» **ABOUT THIS EXERCISE**:
Set down exactly the lines running from the line with "Answer yes or no. Yes. Is Light Slate greater" to the end of the listing below, both ends included.

» **DATA PROVIDED**:
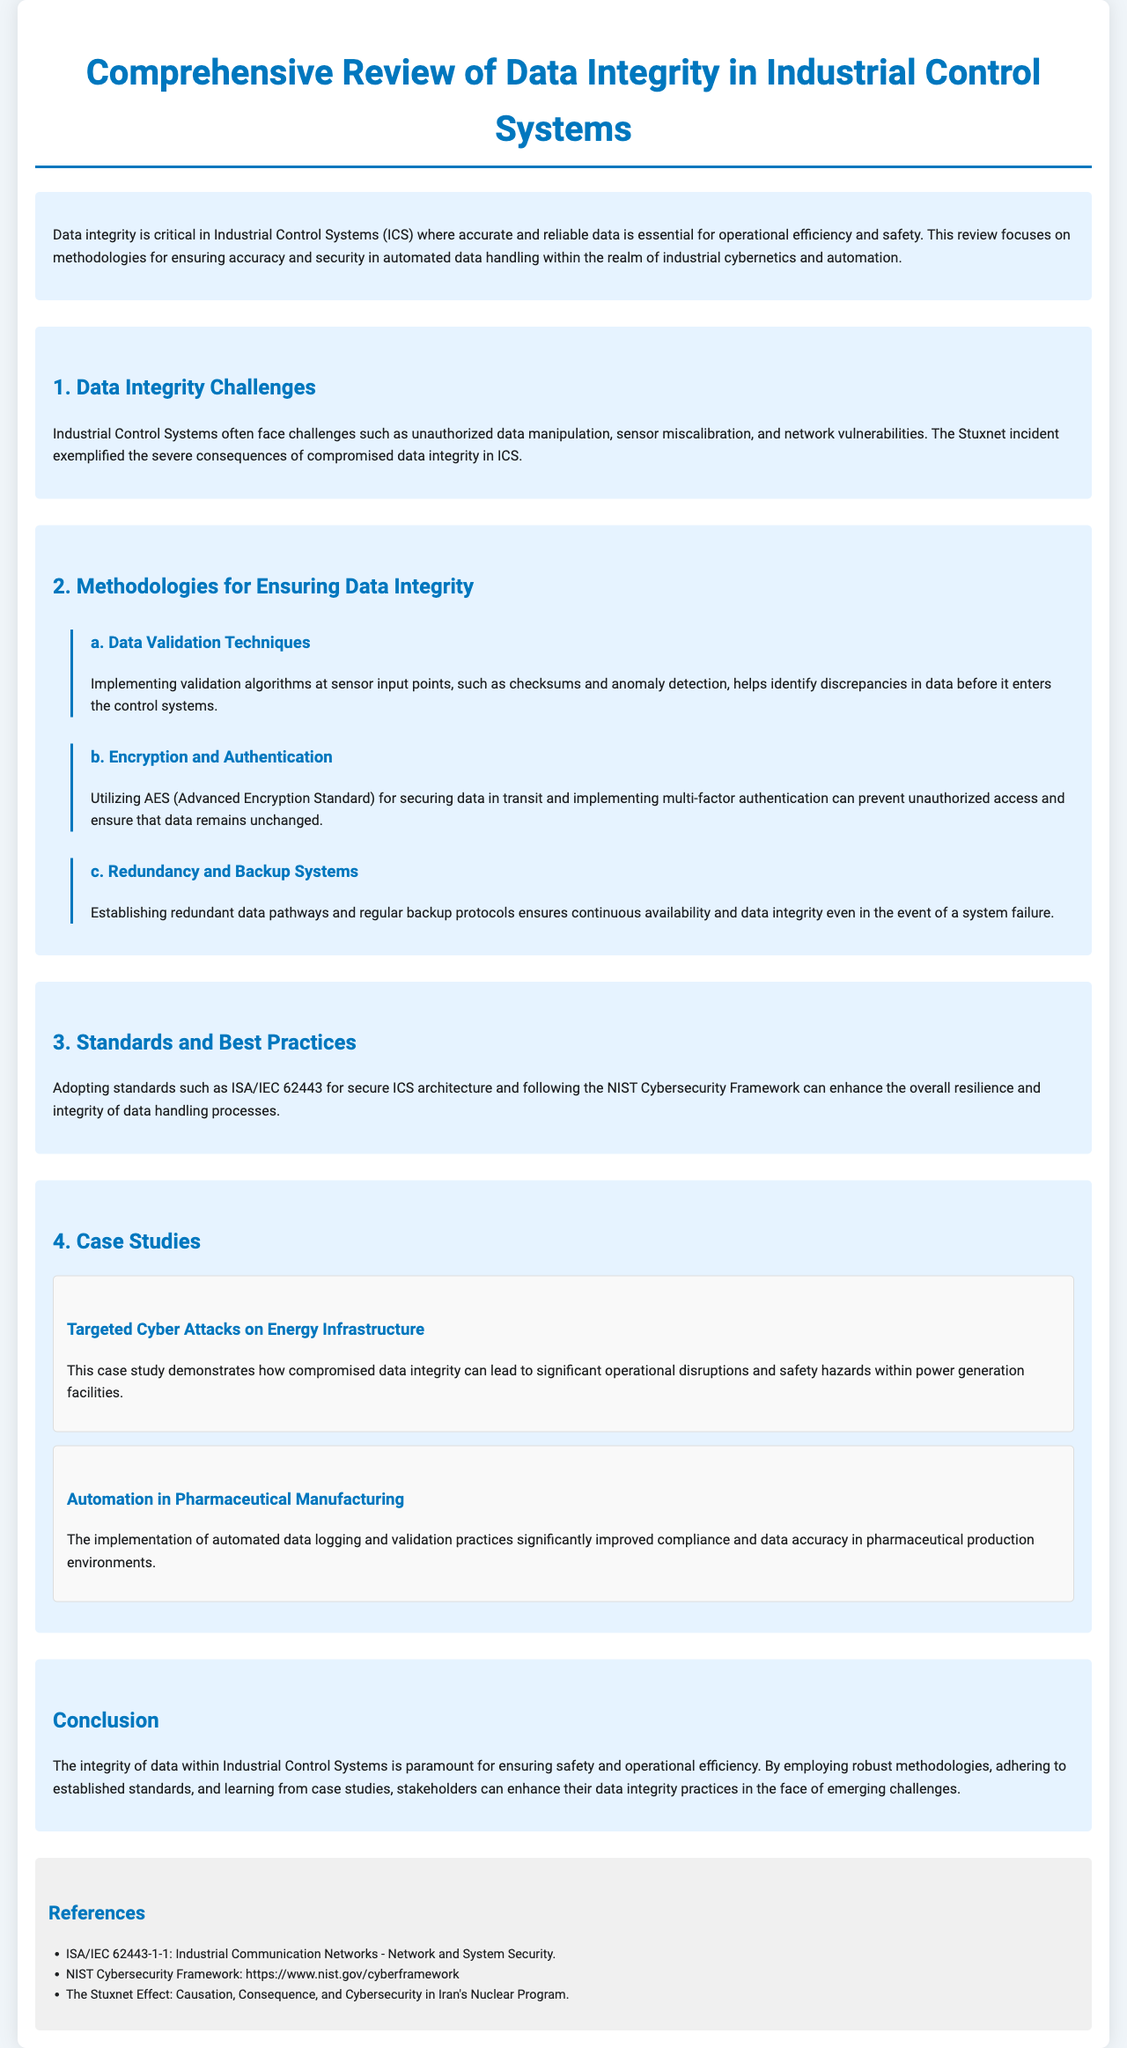What is the title of the document? The title of the document is provided at the top under the main heading.
Answer: Comprehensive Review of Data Integrity in Industrial Control Systems What incident exemplified compromised data integrity in ICS? The document references a significant incident that serves as a case study for data integrity issues.
Answer: The Stuxnet incident What encryption standard is mentioned for securing data? The document specifies a standard used for data security during transmission.
Answer: AES (Advanced Encryption Standard) How many methodologies for ensuring data integrity are listed? The section on methodologies outlines distinct strategies employed to maintain data integrity.
Answer: Three What is the focus of the case study related to energy infrastructure? This case study illustrates consequences related to a specific type of cyber attack.
Answer: Targeted Cyber Attacks on Energy Infrastructure Which framework is recommended for enhancing data handling resilience? The document suggests adopting a particular cybersecurity framework for best practices.
Answer: NIST Cybersecurity Framework What was improved in pharmaceutical manufacturing through automation? The report indicates specific outcomes resulting from enhanced processes in this industry.
Answer: Compliance and data accuracy What is mentioned as a challenge for Industrial Control Systems? The document lists potential issues that affect the operation and reliability of systems.
Answer: Unauthorized data manipulation 
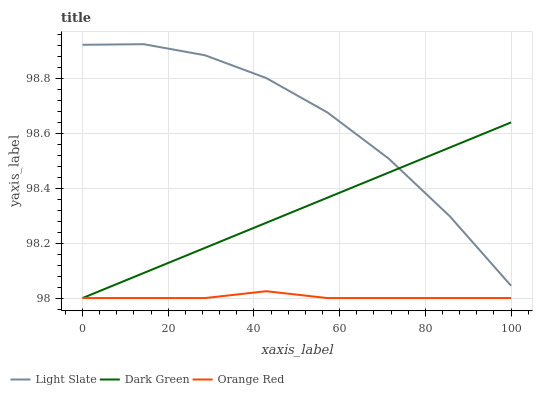Does Orange Red have the minimum area under the curve?
Answer yes or no. Yes. Does Light Slate have the maximum area under the curve?
Answer yes or no. Yes. Does Dark Green have the minimum area under the curve?
Answer yes or no. No. Does Dark Green have the maximum area under the curve?
Answer yes or no. No. Is Dark Green the smoothest?
Answer yes or no. Yes. Is Light Slate the roughest?
Answer yes or no. Yes. Is Orange Red the smoothest?
Answer yes or no. No. Is Orange Red the roughest?
Answer yes or no. No. Does Orange Red have the lowest value?
Answer yes or no. Yes. Does Light Slate have the highest value?
Answer yes or no. Yes. Does Dark Green have the highest value?
Answer yes or no. No. Is Orange Red less than Light Slate?
Answer yes or no. Yes. Is Light Slate greater than Orange Red?
Answer yes or no. Yes. Does Dark Green intersect Orange Red?
Answer yes or no. Yes. Is Dark Green less than Orange Red?
Answer yes or no. No. Is Dark Green greater than Orange Red?
Answer yes or no. No. Does Orange Red intersect Light Slate?
Answer yes or no. No.

» **ANSWER SECTION**:
Answer yes or no. Yes. Is Light Slate greater than Orange Red?
Answer yes or no. Yes. Does Dark Green intersect Orange Red?
Answer yes or no. Yes. Is Dark Green less than Orange Red?
Answer yes or no. No. Is Dark Green greater than Orange Red?
Answer yes or no. No. Does Orange Red intersect Light Slate?
Answer yes or no. No.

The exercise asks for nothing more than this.